TASK TO COMPLETE -> For this task, output exactly the lines of the material below starting at the line with "Is Blue the minimum?" and ending at the line with "Answer yes or no. Yes. Is Blue less"; pictures are to be excluded.

DATA PROVIDED ->

■ ■ ■ ■ ■ ■ ■

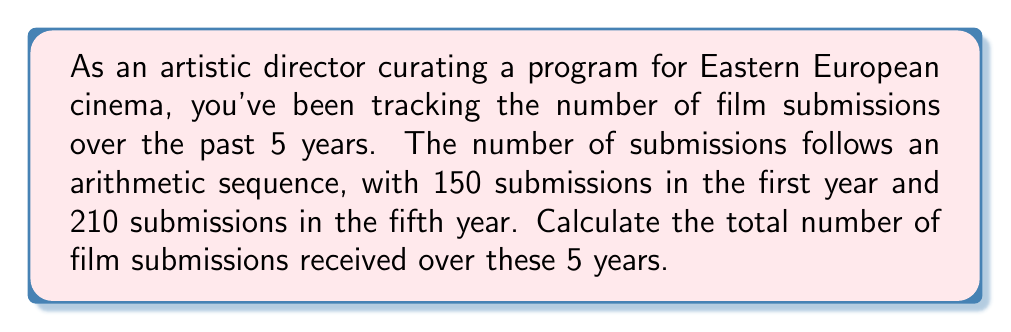Show me your answer to this math problem. Let's approach this step-by-step:

1) First, we need to identify the arithmetic sequence:
   - First term (a₁) = 150
   - Fifth term (a₅) = 210
   - Number of terms (n) = 5

2) In an arithmetic sequence, the difference (d) between each term is constant. We can find this using the formula:
   $$ a_n = a_1 + (n-1)d $$
   
   Substituting our known values:
   $$ 210 = 150 + (5-1)d $$
   $$ 210 = 150 + 4d $$
   $$ 60 = 4d $$
   $$ d = 15 $$

3) Now we know the sequence is: 150, 165, 180, 195, 210

4) To find the sum of this arithmetic sequence, we can use the formula:
   $$ S_n = \frac{n}{2}(a_1 + a_n) $$
   
   Where:
   $S_n$ is the sum of the sequence
   $n$ is the number of terms
   $a_1$ is the first term
   $a_n$ is the last term

5) Substituting our values:
   $$ S_5 = \frac{5}{2}(150 + 210) $$
   $$ S_5 = \frac{5}{2}(360) $$
   $$ S_5 = 5(180) $$
   $$ S_5 = 900 $$

Therefore, the total number of film submissions over the 5 years is 900.
Answer: 900 film submissions 
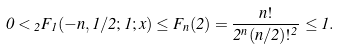Convert formula to latex. <formula><loc_0><loc_0><loc_500><loc_500>0 < { _ { 2 } F _ { 1 } } ( - n , 1 / 2 ; 1 ; x ) \leq F _ { n } ( 2 ) = \frac { n ! } { 2 ^ { n } ( n / 2 ) ! ^ { 2 } } \leq { 1 } .</formula> 
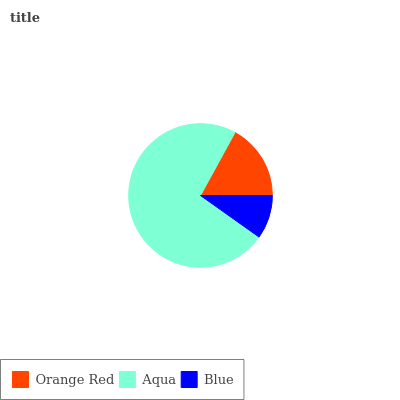Is Blue the minimum?
Answer yes or no. Yes. Is Aqua the maximum?
Answer yes or no. Yes. Is Aqua the minimum?
Answer yes or no. No. Is Blue the maximum?
Answer yes or no. No. Is Aqua greater than Blue?
Answer yes or no. Yes. Is Blue less than Aqua?
Answer yes or no. Yes. Is Blue greater than Aqua?
Answer yes or no. No. Is Aqua less than Blue?
Answer yes or no. No. Is Orange Red the high median?
Answer yes or no. Yes. Is Orange Red the low median?
Answer yes or no. Yes. Is Aqua the high median?
Answer yes or no. No. Is Blue the low median?
Answer yes or no. No. 
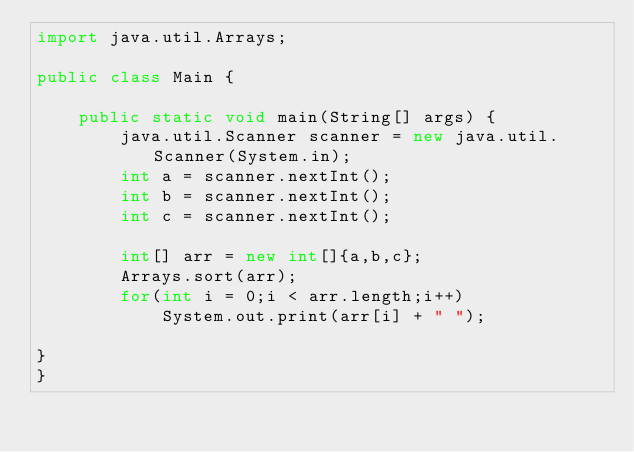<code> <loc_0><loc_0><loc_500><loc_500><_Java_>import java.util.Arrays;

public class Main {

	public static void main(String[] args) {
		java.util.Scanner scanner = new java.util.Scanner(System.in);
		int a = scanner.nextInt();
		int b = scanner.nextInt();
		int c = scanner.nextInt();
		
		int[] arr = new int[]{a,b,c};
		Arrays.sort(arr);
		for(int i = 0;i < arr.length;i++)
			System.out.print(arr[i] + " ");

}
}</code>

■ ■ ■ ■ ■ ■ ■

REPLY TO THE TASK ->
Is Blue the minimum?
Answer yes or no. Yes. Is Aqua the maximum?
Answer yes or no. Yes. Is Aqua the minimum?
Answer yes or no. No. Is Blue the maximum?
Answer yes or no. No. Is Aqua greater than Blue?
Answer yes or no. Yes. Is Blue less than Aqua?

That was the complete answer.